--- Data excerpts ---

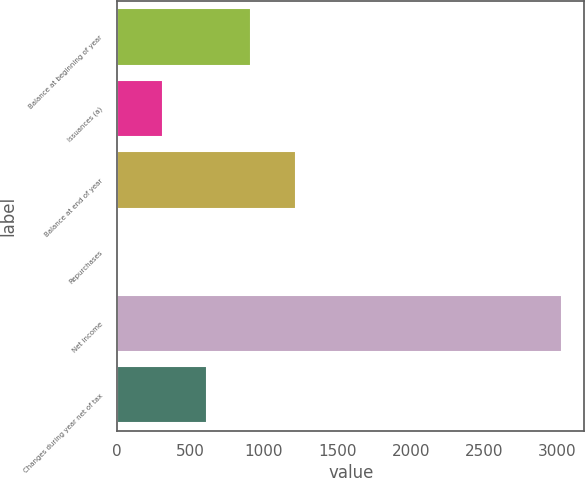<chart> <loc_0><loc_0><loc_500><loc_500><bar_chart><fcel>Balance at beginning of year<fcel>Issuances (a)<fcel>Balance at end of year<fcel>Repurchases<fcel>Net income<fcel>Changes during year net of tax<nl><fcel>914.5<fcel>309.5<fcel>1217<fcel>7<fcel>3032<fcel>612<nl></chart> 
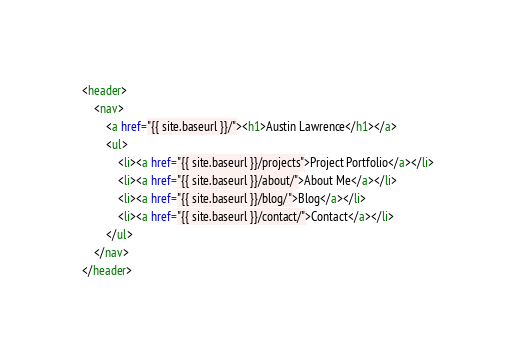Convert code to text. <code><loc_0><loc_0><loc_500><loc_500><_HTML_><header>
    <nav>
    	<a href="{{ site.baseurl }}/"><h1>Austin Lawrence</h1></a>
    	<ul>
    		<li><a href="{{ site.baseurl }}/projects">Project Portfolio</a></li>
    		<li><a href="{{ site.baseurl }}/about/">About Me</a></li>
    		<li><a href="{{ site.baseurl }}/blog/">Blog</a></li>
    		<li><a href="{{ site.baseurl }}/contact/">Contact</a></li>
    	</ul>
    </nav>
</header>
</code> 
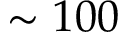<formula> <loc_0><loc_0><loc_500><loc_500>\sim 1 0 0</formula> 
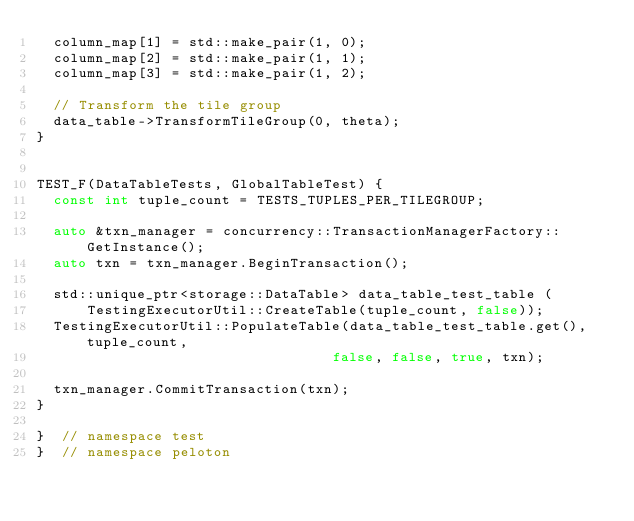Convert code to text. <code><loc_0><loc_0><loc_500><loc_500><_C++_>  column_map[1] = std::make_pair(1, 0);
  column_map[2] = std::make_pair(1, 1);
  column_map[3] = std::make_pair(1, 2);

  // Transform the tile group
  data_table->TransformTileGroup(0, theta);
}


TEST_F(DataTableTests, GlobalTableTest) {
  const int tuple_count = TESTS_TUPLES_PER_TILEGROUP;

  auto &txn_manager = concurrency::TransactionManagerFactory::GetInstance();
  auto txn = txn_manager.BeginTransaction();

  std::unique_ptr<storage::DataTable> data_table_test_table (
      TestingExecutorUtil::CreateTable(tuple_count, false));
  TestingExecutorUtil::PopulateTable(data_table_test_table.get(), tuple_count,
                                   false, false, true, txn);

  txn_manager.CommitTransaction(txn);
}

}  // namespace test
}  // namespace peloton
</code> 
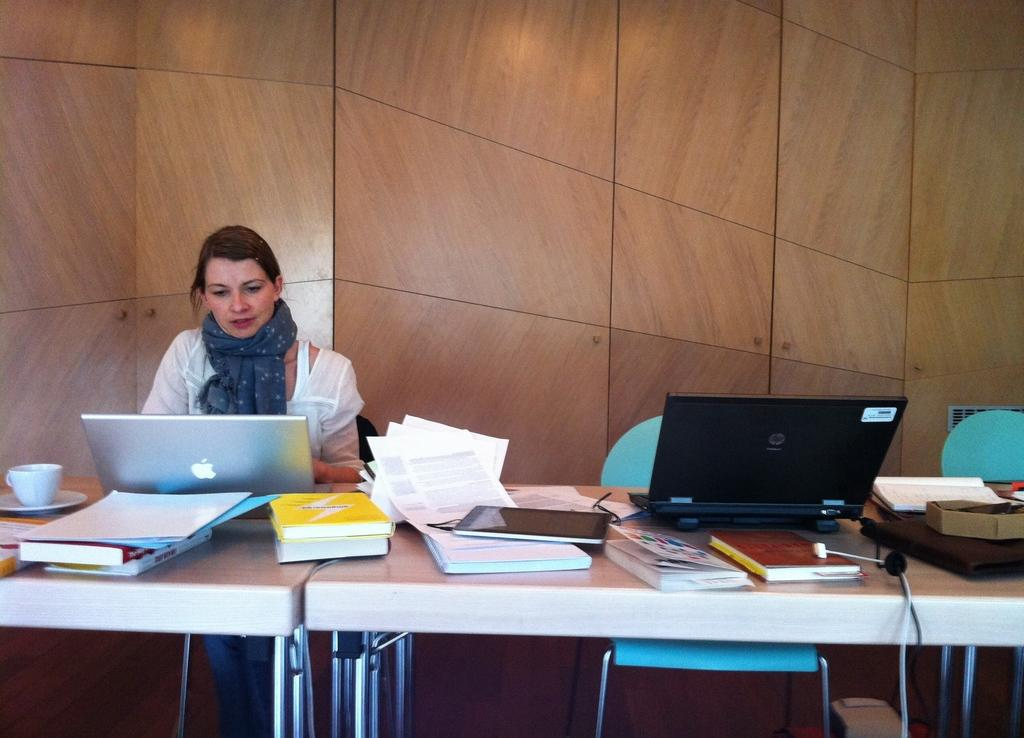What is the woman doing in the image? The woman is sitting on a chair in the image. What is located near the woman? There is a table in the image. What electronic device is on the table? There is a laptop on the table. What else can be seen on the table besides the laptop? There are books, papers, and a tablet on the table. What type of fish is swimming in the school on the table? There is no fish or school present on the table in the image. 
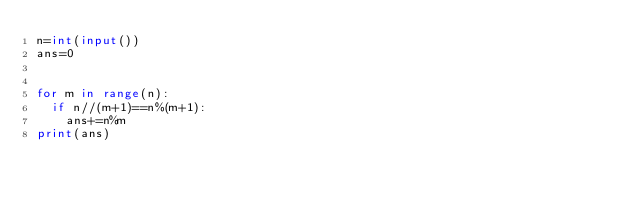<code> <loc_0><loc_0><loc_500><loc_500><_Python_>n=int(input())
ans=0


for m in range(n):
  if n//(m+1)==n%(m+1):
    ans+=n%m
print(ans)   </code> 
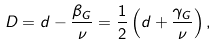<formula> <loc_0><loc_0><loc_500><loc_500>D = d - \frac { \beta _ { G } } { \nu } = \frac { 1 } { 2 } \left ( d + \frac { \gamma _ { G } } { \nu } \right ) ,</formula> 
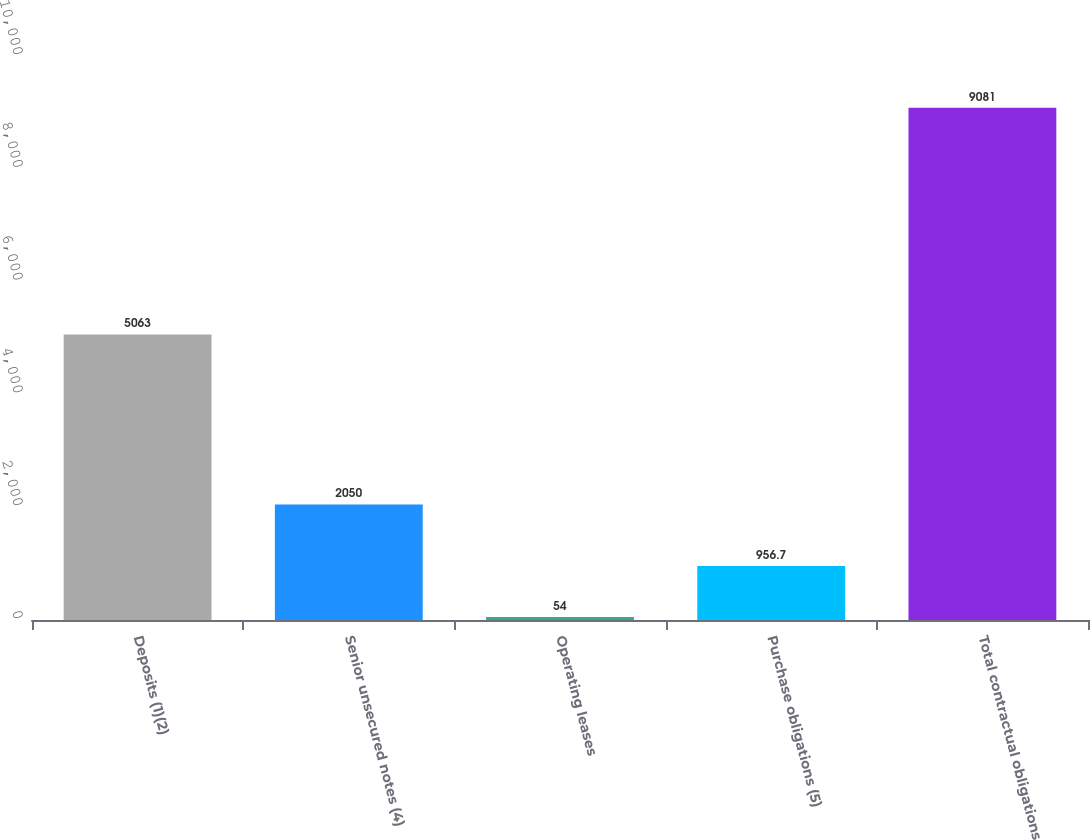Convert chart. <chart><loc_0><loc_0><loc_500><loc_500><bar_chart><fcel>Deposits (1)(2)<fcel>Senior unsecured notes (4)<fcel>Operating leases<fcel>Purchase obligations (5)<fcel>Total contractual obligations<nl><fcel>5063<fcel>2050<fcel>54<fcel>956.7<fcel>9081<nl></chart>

---

_Work to be completed:_ Among the lines above, find the one with "column_map[2] = std::make_pair(1, 1);" and the one with "TestingExecutorUtil::CreateTable(tuple_count, false));". Quote both and everything between them, exactly.

_Result:_
  column_map[2] = std::make_pair(1, 1);
  column_map[3] = std::make_pair(1, 2);

  // Transform the tile group
  data_table->TransformTileGroup(0, theta);
}


TEST_F(DataTableTests, GlobalTableTest) {
  const int tuple_count = TESTS_TUPLES_PER_TILEGROUP;

  auto &txn_manager = concurrency::TransactionManagerFactory::GetInstance();
  auto txn = txn_manager.BeginTransaction();

  std::unique_ptr<storage::DataTable> data_table_test_table (
      TestingExecutorUtil::CreateTable(tuple_count, false));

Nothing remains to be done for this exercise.